After using their accounts to log into specific Android apps downloaded from the Google Play store, Twitter and Facebook noted that the personal information of hundreds of users might have been accessed improperly. The tech firms received a report from researchers who came across the oneAudience software development kit (SDK) that provided third-party developers with access to personal information, CNBC reported.
Twitter noted that it would be informing affected users, and has let Google and Apple know about the flaw so they can take additional action. Lindsay McCallum, a Twitter spokeswoman, said per the report, “We think it’s important for people to be aware that this exists out there, and that they review the apps that they use to connect to their accounts.”
A spokesperson for Facebook said in a statement regarding the disclosure on Monday (Nov. 25), according to CNBC, “Security researchers recently notified us about two bad actors, oneAudience and MobiBurn, [which] were paying developers to use malicious [SDKs] in a number of apps available in popular app stores. After investigating, we removed the apps from our platform for violating our platform policies, and issued cease and desist letters against oneAudience and MobiBurn.”

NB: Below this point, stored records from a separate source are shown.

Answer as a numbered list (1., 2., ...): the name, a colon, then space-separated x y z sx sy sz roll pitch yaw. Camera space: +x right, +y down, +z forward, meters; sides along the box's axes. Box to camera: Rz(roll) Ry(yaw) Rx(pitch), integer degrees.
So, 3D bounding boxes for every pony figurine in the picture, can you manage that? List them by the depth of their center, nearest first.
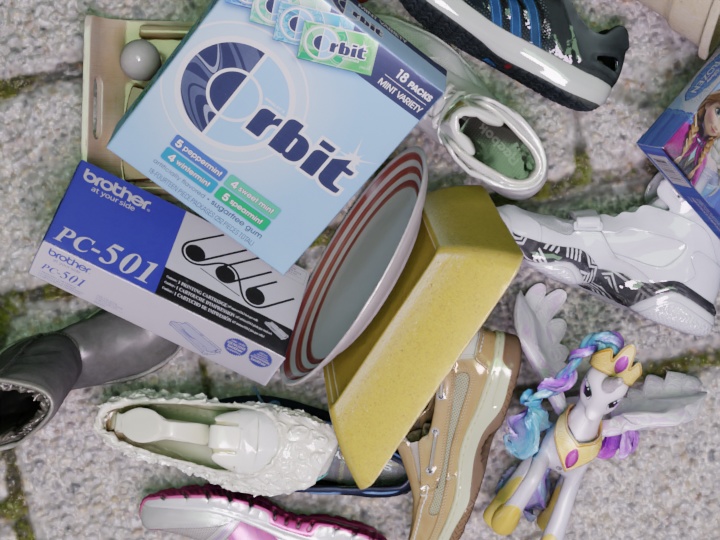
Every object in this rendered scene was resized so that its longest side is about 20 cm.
1. pony figurine: 0.164 0.116 1.229 0.165 0.193 0.201 25 110 4

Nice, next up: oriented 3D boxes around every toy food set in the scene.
1. toy food set: -0.117 -0.126 1.280 0.198 0.060 0.145 1 90 2

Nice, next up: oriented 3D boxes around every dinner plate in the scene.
1. dinner plate: 0.000 0.000 1.214 0.024 0.200 0.201 31 91 -13

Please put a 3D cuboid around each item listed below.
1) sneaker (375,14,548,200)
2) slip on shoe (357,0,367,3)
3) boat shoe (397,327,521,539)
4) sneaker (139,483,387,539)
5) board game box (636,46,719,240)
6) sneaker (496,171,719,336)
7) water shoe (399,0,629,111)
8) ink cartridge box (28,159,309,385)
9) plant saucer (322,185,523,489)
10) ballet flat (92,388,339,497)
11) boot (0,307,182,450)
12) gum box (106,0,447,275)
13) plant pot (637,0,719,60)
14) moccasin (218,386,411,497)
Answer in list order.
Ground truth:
1. sneaker: 0.066 -0.132 1.249 0.199 0.116 0.074 38 93 2
2. slip on shoe: -0.013 -0.227 1.253 0.061 0.074 0.201 40 68 -6
3. boat shoe: 0.056 0.129 1.216 0.075 0.072 0.202 14 107 -6
4. sneaker: -0.080 0.223 1.272 0.198 0.081 0.089 16 89 2
5. board game box: 0.336 -0.100 1.230 0.200 0.043 0.199 44 82 -23
6. sneaker: 0.199 -0.035 1.269 0.198 0.075 0.116 23 90 -4
7. water shoe: 0.115 -0.200 1.269 0.199 0.071 0.079 30 84 -14
8. ink cartridge box: -0.142 0.002 1.245 0.199 0.095 0.044 26 134 -11
9. plant saucer: 0.030 0.033 1.191 0.048 0.200 0.201 31 103 -14
10. ballet flat: -0.116 0.128 1.230 0.198 0.072 0.073 5 91 24
11. boot: -0.219 0.072 1.214 0.180 0.200 0.073 -24 90 2
12. gum box: -0.062 -0.118 1.207 0.169 0.045 0.200 36 117 -15
13. plant pot: 0.217 -0.286 1.218 0.182 0.200 0.202 26 91 12
14. moccasin: -0.048 0.134 1.277 0.198 0.068 0.081 4 91 2
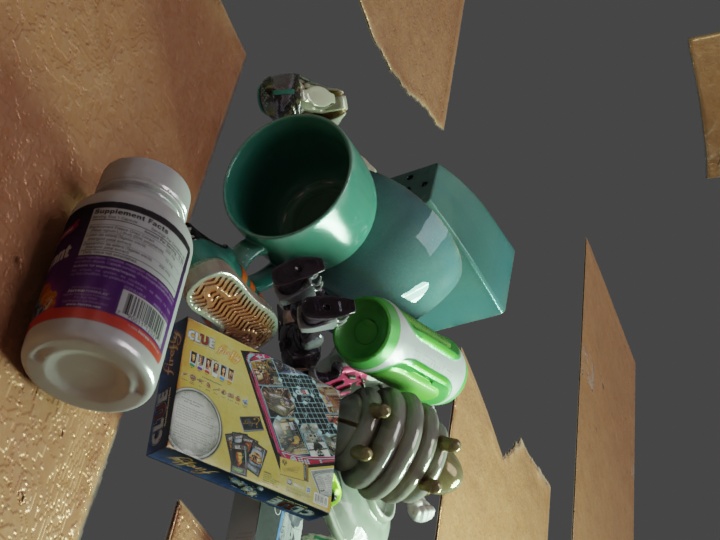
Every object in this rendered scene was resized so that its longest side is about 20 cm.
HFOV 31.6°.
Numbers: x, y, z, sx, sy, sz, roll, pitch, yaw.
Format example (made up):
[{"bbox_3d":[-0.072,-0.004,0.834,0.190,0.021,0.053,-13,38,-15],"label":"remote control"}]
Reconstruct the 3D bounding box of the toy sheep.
[{"bbox_3d":[0.027,0.189,1.393,0.199,0.138,0.139,32,42,-16],"label":"toy sheep"}]

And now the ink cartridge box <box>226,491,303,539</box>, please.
[{"bbox_3d":[-0.104,0.310,1.280,0.100,0.039,0.202,58,32,-46],"label":"ink cartridge box"}]

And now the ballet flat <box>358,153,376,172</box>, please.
[{"bbox_3d":[0.004,-0.094,1.573,0.200,0.073,0.073,46,35,-21],"label":"ballet flat"}]

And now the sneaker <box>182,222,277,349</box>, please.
[{"bbox_3d":[-0.137,0.018,1.263,0.080,0.071,0.200,62,-3,28],"label":"sneaker"}]

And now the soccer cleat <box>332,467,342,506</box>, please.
[{"bbox_3d":[-0.076,0.179,1.351,0.201,0.067,0.082,55,21,-37],"label":"soccer cleat"}]

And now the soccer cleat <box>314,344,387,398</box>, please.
[{"bbox_3d":[-0.016,0.110,1.551,0.200,0.069,0.087,23,45,-67],"label":"soccer cleat"}]

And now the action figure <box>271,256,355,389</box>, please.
[{"bbox_3d":[-0.055,0.062,1.334,0.200,0.069,0.131,103,-33,-64],"label":"action figure"}]

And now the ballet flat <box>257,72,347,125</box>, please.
[{"bbox_3d":[-0.054,-0.200,1.555,0.200,0.071,0.073,2,80,-68],"label":"ballet flat"}]

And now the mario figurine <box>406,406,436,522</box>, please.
[{"bbox_3d":[0.083,0.250,1.663,0.124,0.106,0.200,49,10,12],"label":"mario figurine"}]

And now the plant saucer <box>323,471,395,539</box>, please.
[{"bbox_3d":[0.000,0.248,1.497,0.200,0.050,0.202,-18,90,-74],"label":"plant saucer"}]

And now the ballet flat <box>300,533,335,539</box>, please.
[{"bbox_3d":[-0.021,0.385,1.418,0.072,0.071,0.202,-53,130,-61],"label":"ballet flat"}]

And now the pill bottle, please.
[{"bbox_3d":[-0.201,0.006,1.057,0.112,0.110,0.202,59,31,-43],"label":"pill bottle"}]

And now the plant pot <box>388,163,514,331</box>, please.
[{"bbox_3d":[0.111,-0.042,1.817,0.201,0.140,0.142,58,31,-30],"label":"plant pot"}]

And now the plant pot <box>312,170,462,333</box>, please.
[{"bbox_3d":[0.000,0.000,1.491,0.135,0.199,0.201,-50,133,-28],"label":"plant pot"}]

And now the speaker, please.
[{"bbox_3d":[0.048,0.093,1.429,0.200,0.088,0.090,33,51,-55],"label":"speaker"}]

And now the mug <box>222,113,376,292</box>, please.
[{"bbox_3d":[-0.072,-0.068,1.386,0.115,0.184,0.153,50,13,-56],"label":"mug"}]

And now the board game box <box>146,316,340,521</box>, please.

Twitter continued, “We plan to notify people whose information we believe was likely shared after they had granted these apps permission to access their profile information, like name, email and gender. We encourage people to be cautious when choosing which third-party apps are granted access to their social media accounts.”
In separate news, a report surfaced in August that a security firm discovered that dozens of fraudulent Android adware apps have been downloaded over 8 million times from the Google Play store. Security firm Trend Micro said at the time that it discovered 85 individual apps that were disguised as games and photo-editing apps, and had ads that would take over users’ screens as part of a money-making scheme. All the fraudulent apps had since been removed from the Google Play store, per the report.